Bolivian theater and radio artist (1909–2003)

Carola Cobo (1909–2003) was a Bolivian theater and radio artist, known for her books of culinary recipes.

==Biography==
Carola Cobo was born in Pando Department, Bolivia, in 1909. At the time of her birth, however, it was just a territory of colonies; the department was founded in 1938. Carola was the daughter of José Reyes Cobo and Carolina Paz. She married the musician Alberto Ruíz Lavadenz.

In 1929, together with her husband, she founded the Tiahuanacu Drama and Comedy Company, which was later attended by prominent Bolivian actors such as Wenceslao Monroy and Maco Ibargüen. With the arrival of the Chaco War, the company was dissolved, but reunited in 1941, this time under the direction of Monroy. Cobo was the first actress in the cast, with whom she toured all over the country with great success.

Upon returning from the tour, Cobo founded her own radio theater company, with which she appeared on Radio Illimani, Radio Sucre, and Radio Bolívar. She also produced a special program to be heard at home: Cartas a una madre.

In 1940, she called on the Arteaga family of musicians to form a folk music group in which she would sing. In 1941, this group entered a contest in Chile, where it won first place and the chance of recording ten albums.

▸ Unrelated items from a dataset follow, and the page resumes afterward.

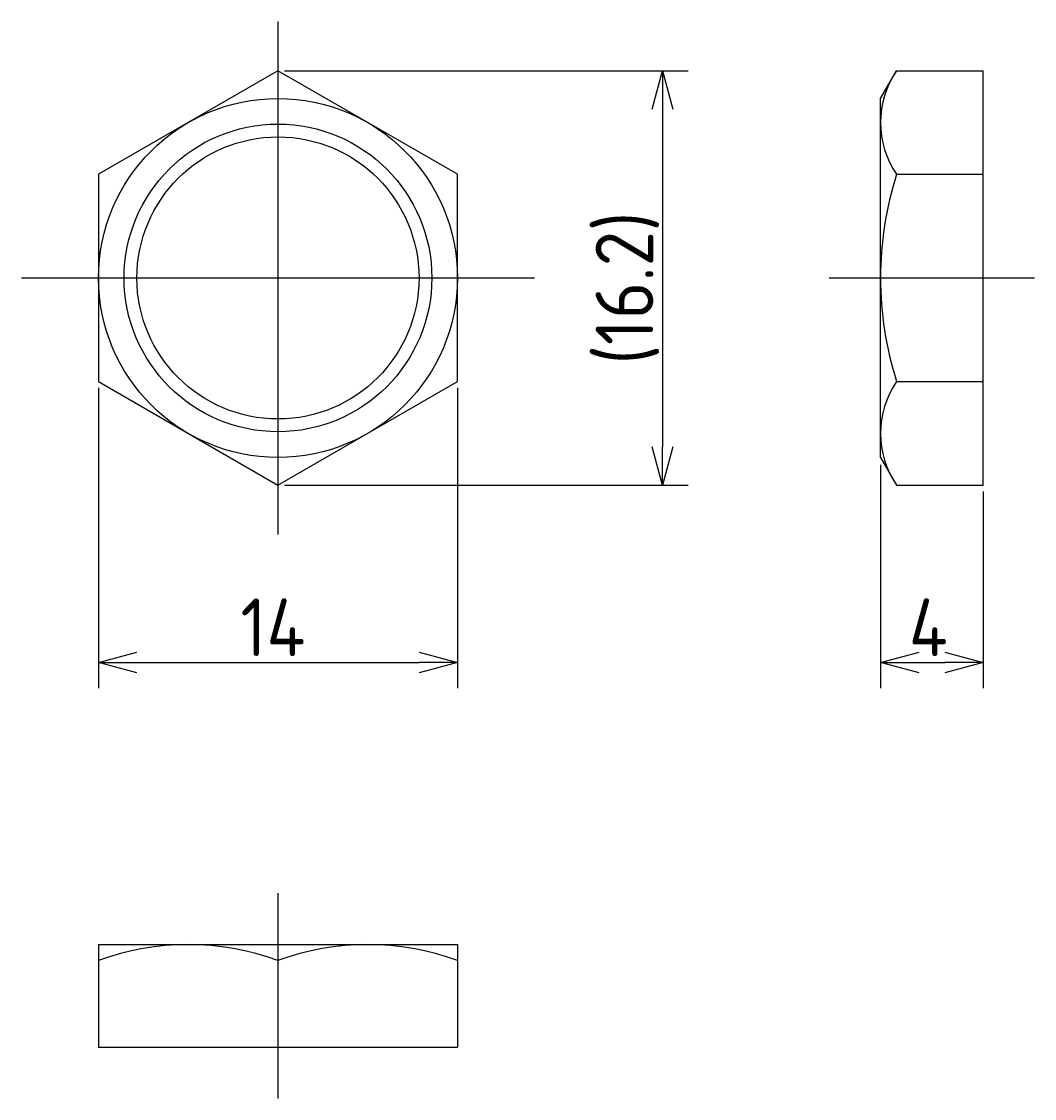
# Model space of a CAD drawing. Extents: x 191.7 to 231.2, y 132.5 to 174.5.
import ezdxf

# ---------------------------------------------------------------- set-up
doc = ezdxf.new("R2010")
doc.units = 0
doc.linetypes.add('CENTER', pattern=[50.8, 31.75, -6.35, 6.35, -6.35])
doc.layers.get('0').update_dxf_attribs({"linetype": 'CONTINUOUS'})
doc.layers.get('DEFPOINTS').update_dxf_attribs({"linetype": 'CONTINUOUS'})
doc.layers.add('図形', color=7, linetype='CONTINUOUS')
doc.layers.add('寸法_文字', color=3, linetype='CONTINUOUS')
doc.layers.get('0').off()
doc.styles.add('DIMENSION', font='isocp.shx', dxfattribs={"bigfont": 'bigfont.shx'})
doc.dimstyles.get("Standard").update_dxf_attribs({"dimtxt": 0.18, "dimasz": 0.18, "dimexe": 0.18, "dimexo": 0.0625, "dimgap": 0.09, "dimtad": 0, "dimtih": 1, "dimtoh": 1, "dimzin": 0, "dimcen": 0.09, "dimazin": 3, "dimtfac": 1, "dimtofl": 0, "dimtmove": 0, "dimatfit": 3})

# ---------------------------------------------------------------- blocks, each defined once
blk = doc.blocks.new('_OPEN30')
at = {"color": 0, "linetype": 'BYBLOCK'}
for p, q in [((-1, 0.268), (0, 0)), ((0, 0), (-1, -0.268)), ((0, 0), (-1, 0))]:
    blk.add_line(p, q, dxfattribs=at)
blk = doc.blocks.new('*U4')
at = {"layer": '寸法_文字', "color": 3, "style": 'DIMENSION'}
blk.add_text('14', height=2.25, dxfattribs=at).set_placement((200.266, 149.736))
blk = doc.blocks.new('*D3')
at = {"layer": 'DEFPOINTS', "color": 0}
for p in [(194.728, 160.444), (208.728, 160.444), (208.728, 149.486)]:
    blk.add_point(p, dxfattribs=at)
at = {"layer": '寸法_文字', "color": 3}
for p, q in [((194.728, 160.194), (194.728, 148.486)), ((208.728, 160.194), (208.728, 148.486)), ((196.228, 149.486), (207.228, 149.486))]:
    blk.add_line(p, q, dxfattribs=at)
at = {"layer": '寸法_文字'}
blk.add_blockref('*U4', (0, 0), dxfattribs=at)
at = {"layer": '寸法_文字', "color": 3, "xscale": 1.5, "yscale": 1.5, "zscale": 1.5, "rotation": 180}
blk.add_blockref('_OPEN30', (194.728, 149.486), dxfattribs=at)
at = {"layer": '寸法_文字', "color": 3, "xscale": 1.5, "yscale": 1.5, "zscale": 1.5}
blk.add_blockref('_OPEN30', (208.728, 149.486), dxfattribs=at)
blk = doc.blocks.new('*U6')
at = {"layer": '寸法_文字', "color": 3, "style": 'DIMENSION'}
blk.add_text('(16.2)', height=2.25, rotation=90, dxfattribs=at).set_placement((216.366, 161.111))
blk = doc.blocks.new('*D5')
at = {"layer": 'DEFPOINTS', "color": 0}
for p in [(201.728, 172.569), (201.728, 156.403), (216.728, 156.403)]:
    blk.add_point(p, dxfattribs=at)
at = {"layer": '寸法_文字', "color": 3}
for p, q in [((201.978, 172.569), (217.728, 172.569)), ((216.728, 171.069), (216.728, 157.903)), ((201.978, 156.403), (217.728, 156.403))]:
    blk.add_line(p, q, dxfattribs=at)
at = {"layer": '寸法_文字', "color": 3, "xscale": 1.5, "yscale": 1.5, "zscale": 1.5}
for p, rotation in [((216.728, 172.569), 90), ((216.728, 156.403), 270)]:
    blk.add_blockref('_OPEN30', p, dxfattribs=dict(at, rotation=rotation))
at = {"layer": '寸法_文字'}
blk.add_blockref('*U6', (0, 0), dxfattribs=at)
blk = doc.blocks.new('*U8')
at = {"layer": '寸法_文字', "color": 3, "style": 'DIMENSION'}
blk.add_text('4', height=2.25, dxfattribs=at).set_placement((226.328, 149.736))
blk = doc.blocks.new('*D7')
at = {"layer": 'DEFPOINTS', "color": 0}
for p in [(225.228, 157.448), (229.228, 156.403), (229.228, 149.486)]:
    blk.add_point(p, dxfattribs=at)
at = {"layer": '寸法_文字', "color": 3}
for p, q in [((225.228, 157.198), (225.228, 148.486)), ((229.228, 156.153), (229.228, 148.486)), ((226.728, 149.486), (227.728, 149.486))]:
    blk.add_line(p, q, dxfattribs=at)
at = {"layer": '寸法_文字'}
blk.add_blockref('*U8', (0, 0), dxfattribs=at)
at = {"layer": '寸法_文字', "color": 3, "xscale": 1.5, "yscale": 1.5, "zscale": 1.5, "rotation": 180}
blk.add_blockref('_OPEN30', (225.228, 149.486), dxfattribs=at)
at = {"layer": '寸法_文字', "color": 3, "xscale": 1.5, "yscale": 1.5, "zscale": 1.5}
blk.add_blockref('_OPEN30', (229.228, 149.486), dxfattribs=at)

msp = doc.modelspace()

# ---------------------------------------------------------------- linework, layer by layer
at = {"layer": '図形', "color": 3, "linetype": 'CENTER'}
for p, q in [((201.728, 174.486), (201.728, 154.486)), ((191.728, 164.486), (211.728, 164.486)), ((223.228, 164.486), (231.228, 164.486)), ((201.728, 140.486), (201.728, 132.486))]:
    msp.add_line(p, q, dxfattribs=at)
at = {"layer": '図形'}
for p, q in [((201.728, 172.569), (194.728, 168.527)), ((208.728, 168.527), (201.728, 172.569)), ((225.228, 171.486), (225.854, 172.569)), ((225.854, 172.569), (229.228, 172.569)), ((229.228, 156.403), (229.228, 172.569)), ((225.228, 157.486), (225.228, 171.486)), ((194.728, 168.527), (194.728, 160.444)), ((208.728, 160.444), (208.728, 168.527)), ((225.854, 168.527), (229.228, 168.527)), ((194.728, 160.444), (201.728, 156.403)), ((201.728, 156.403), (208.728, 160.444)), ((225.854, 160.444), (229.228, 160.444)), ((225.228, 157.486), (225.854, 156.403)), ((225.854, 156.403), (229.228, 156.403)), ((194.728, 138.486), (208.728, 138.486)), ((194.728, 138.486), (194.728, 134.486)), ((208.728, 138.486), (208.728, 134.486)), ((201.728, 137.861), (201.728, 134.486)), ((194.728, 134.486), (208.728, 134.486))]:
    msp.add_line(p, q, dxfattribs=at)
for radius in [7, 5.5]:
    msp.add_circle((201.728, 164.486), radius, dxfattribs=at)
at = {"layer": '図形', "color": 3}
msp.add_circle((201.728, 164.486), 6, dxfattribs=at)
at = {"layer": '図形'}
for centre, radius, start, end in [((228.806, 170.548), 3.578, 145.6158, 214.3842), ((238.603, 164.486), 13.375, 162.412, 197.588), ((228.806, 158.424), 3.578, 145.6158, 214.3842), ((198.228, 128.376), 10.109, 69.7438, 110.2562), ((205.228, 128.376), 10.109, 69.7438, 110.2562)]:
    msp.add_arc(centre, radius, start, end, dxfattribs=at)

# ---------------------------------------------------------------- dimensions: what is measured, and where the dimension line sits
at = {"layer": '寸法_文字'}
dim = msp.add_linear_dim(base=(216.728, 156.403), p1=(201.728, 172.569), p2=(201.728, 156.403), angle=90, text='(<>)', dimstyle='Standard', override={"dimscale": 0.5, "dimdec": 1}, dxfattribs=at)
dim.commit()
dim.dimension.update_dxf_attribs({"geometry": '*D5', "text_midpoint": (216.728, 164.486), "dimtype": 128})
for base, p1, p2, picture, middle in [((208.728, 149.486), (194.728, 160.444), (208.728, 160.444), '*D3', (201.728, 149.486)), ((229.228, 149.486), (225.228, 157.448), (229.228, 156.403), '*D7', (227.228, 149.486))]:
    dim = msp.add_linear_dim(base=base, p1=p1, p2=p2, dimstyle='Standard', override={"dimscale": 0.5}, dxfattribs=at)
    dim.commit()
    dim.dimension.update_dxf_attribs({"geometry": picture, "text_midpoint": middle, "dimtype": 128})

doc.saveas('drawing.dxf')

Among some of the awarded works were "Aguilita Voladora", composed by Alberto Arteaga, and "Me amarás hasta el cielo", by Julio Arteaga.

In her career as an actress, Cobo also participated in works of the Company of Social Theater of the famous playwright and mayor of La Paz, Raúl Salmón. She also appeared in Marcos Loayza's short film El olor de la vejez, based on the books Los cuartos and Vidas y muertes by Jaime Sáenz.

In 1954, she traveled to Buenos Aires where she studied cosmetics, beauty, and hairdressing. In the literary field, her Carta a mi difunta madre is notable, and obtained an honorable mention in a contest sponsored by the Women's Christian Association. However, her work as a writer of Bolivian and international recipes is better remembered.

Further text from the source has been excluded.